Stand back and look at the situation, you had no compression in #4 when you started. After doing all of the head work you still have no compression in #4.

Conclusions:
A) the head was not the problem (never true in a 944)
B) the bent valve caused additional problems such as a crack in the combustion chamber that wasn't discovered (I would think a crack here would have been seen)
C) the piston was cracked by the valve

Anyway the head has to come off and you need to examine every surface for any defect.

Zero10 04-06-2009 09:43 AM

Quote:

Originally Posted by TeenerTim (Post 4589809)
How can you run a leak down test on a cylinder with no compression?

Would "By installing the leakdown adapter and listening for where the air goes?" be considered rude as an answer to this?
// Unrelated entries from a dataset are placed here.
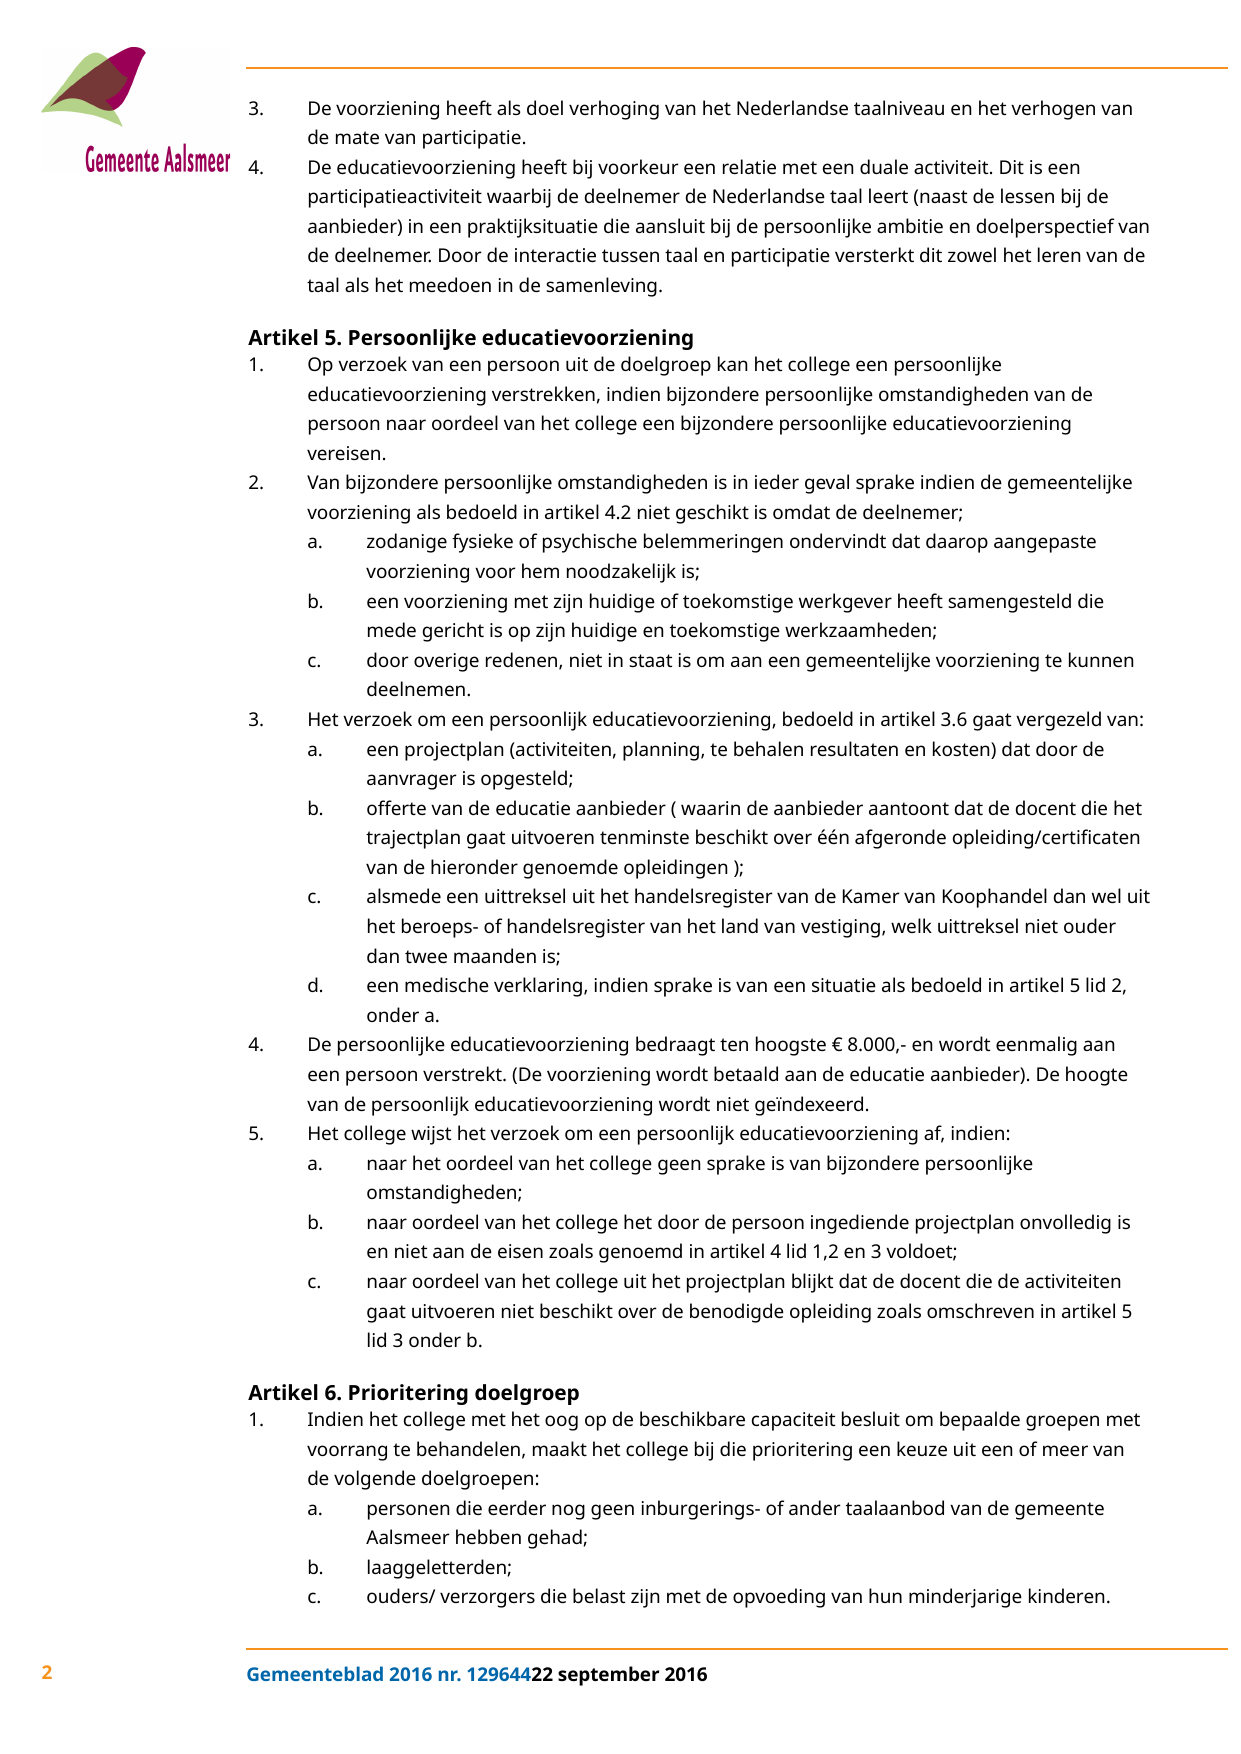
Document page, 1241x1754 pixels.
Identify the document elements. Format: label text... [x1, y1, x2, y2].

list Het verzoek om een persoonlijk educatievoorziening, bedoeld in artikel 3.6 gaat vergezeld van: [248, 706, 1152, 732]
list een voorziening met zijn huidige of toekomstige werkgever heeft samengesteld die mede gericht is op zijn huidige en toekomstige werkzaamheden; [307, 588, 1152, 643]
list een medische verklaring, indien sprake is van een situatie als bedoeld in artikel 5 lid 2, onder a. [307, 972, 1152, 1028]
picture [41, 47, 231, 172]
list ouders/ verzorgers die belast zijn met de opvoeding van hun minderjarige kinderen. [307, 1584, 1152, 1609]
list naar het oordeel van het college geen sprake is van bijzondere persoonlijke omstandigheden; [307, 1150, 1152, 1205]
list Van bijzondere persoonlijke omstandigheden is in ieder geval sprake indien de gemeentelijke voorziening als bedoeld in artikel 4.2 niet geschikt is omdat de deelnemer; [248, 469, 1152, 525]
list De voorziening heeft als doel verhoging van het Nederlandse taalniveau en het verhogen van de mate van participatie. [248, 95, 1152, 150]
list De educatievoorziening heeft bij voorkeur een relatie met een duale activiteit. Dit is een participatieactiviteit waarbij de deelnemer de Nederlandse taal leert (naast de lessen bij de aanbieder) in een praktijksituatie die aansluit bij de persoonlijke ambitie en doelperspectief van de deelnemer. Door de interactie tussen taal en participatie versterkt dit zowel het leren van de taal als het meedoen in de samenleving. [248, 154, 1152, 298]
list alsmede een uittreksel uit het handelsregister van de Kamer van Koophandel dan wel uit het beroeps- of handelsregister van het land van vestiging, welk uittreksel niet ouder dan twee maanden is; [307, 884, 1152, 968]
list naar oordeel van het college het door de persoon ingediende projectplan onvolledig is en niet aan de eisen zoals genoemd in artikel 4 lid 1,2 en 3 voldoet; [307, 1209, 1152, 1264]
list Indien het college met het oog op de beschikbare capaciteit besluit om bepaalde groepen met voorrang te behandelen, maakt het college bij die prioritering een keuze uit een of meer van de volgende doelgroepen: [248, 1406, 1152, 1491]
list laaggeletterden; [307, 1554, 1152, 1580]
list De persoonlijke educatievoorziening bedraagt ten hoogste € 8.000,- en wordt eenmalig aan een persoon verstrekt. (De voorziening wordt betaald aan de educatie aanbieder). De hoogte van de persoonlijk educatievoorziening wordt niet geïndexeerd. [248, 1032, 1152, 1116]
list een projectplan (activiteiten, planning, te behalen resultaten en kosten) dat door de aanvrager is opgesteld; [307, 736, 1152, 791]
list Op verzoek van een persoon uit de doelgroep kan het college een persoonlijke educatievoorziening verstrekken, indien bijzondere persoonlijke omstandigheden van de persoon naar oordeel van het college een bijzondere persoonlijke educatievoorziening vereisen. [248, 351, 1152, 466]
list naar oordeel van het college uit het projectplan blijkt dat de docent die de activiteiten gaat uitvoeren niet beschikt over de benodigde opleiding zoals omschreven in artikel 5 lid 3 onder b. [307, 1268, 1152, 1353]
list personen die eerder nog geen inburgerings- of ander taalaanbod van de gemeente Aalsmeer hebben gehad; [307, 1495, 1152, 1550]
list zodanige fysieke of psychische belemmeringen ondervindt dat daarop aangepaste voorziening voor hem noodzakelijk is; [307, 529, 1152, 584]
list Het college wijst het verzoek om een persoonlijk educatievoorziening af, indien: [248, 1120, 1152, 1146]
list offerte van de educatie aanbieder ( waarin de aanbieder aantoont dat de docent die het trajectplan gaat uitvoeren tenminste beschikt over één afgeronde opleiding/certificaten van de hieronder genoemde opleidingen ); [307, 795, 1152, 880]
text Artikel 6. Prioritering doelgroep [248, 1378, 1152, 1406]
list door overige redenen, niet in staat is om aan een gemeentelijke voorziening te kunnen deelnemen. [307, 647, 1152, 702]
text Artikel 5. Persoonlijke educatievoorziening [248, 323, 1152, 351]

Its guesswork until we know where the air is going. You can be almost 100% sure the head will need to come off to fix the issue, but all too often people pull the head first without knowing where the issue is, then if the problem is not obvious you can be left at a loss for explaining the issue.

Cracked piston or cylinder should not cause 0 compression, short of a valve jammed wide open you should have _some_ compression, the needle should at least come up a bit. For all we know the #4 rod snapped and the piston isn't even moving in the bore. Leakdown test would show perfect compression here, then you could check that the piston is moving when you turn the engine over using a wooden dowel or skewer.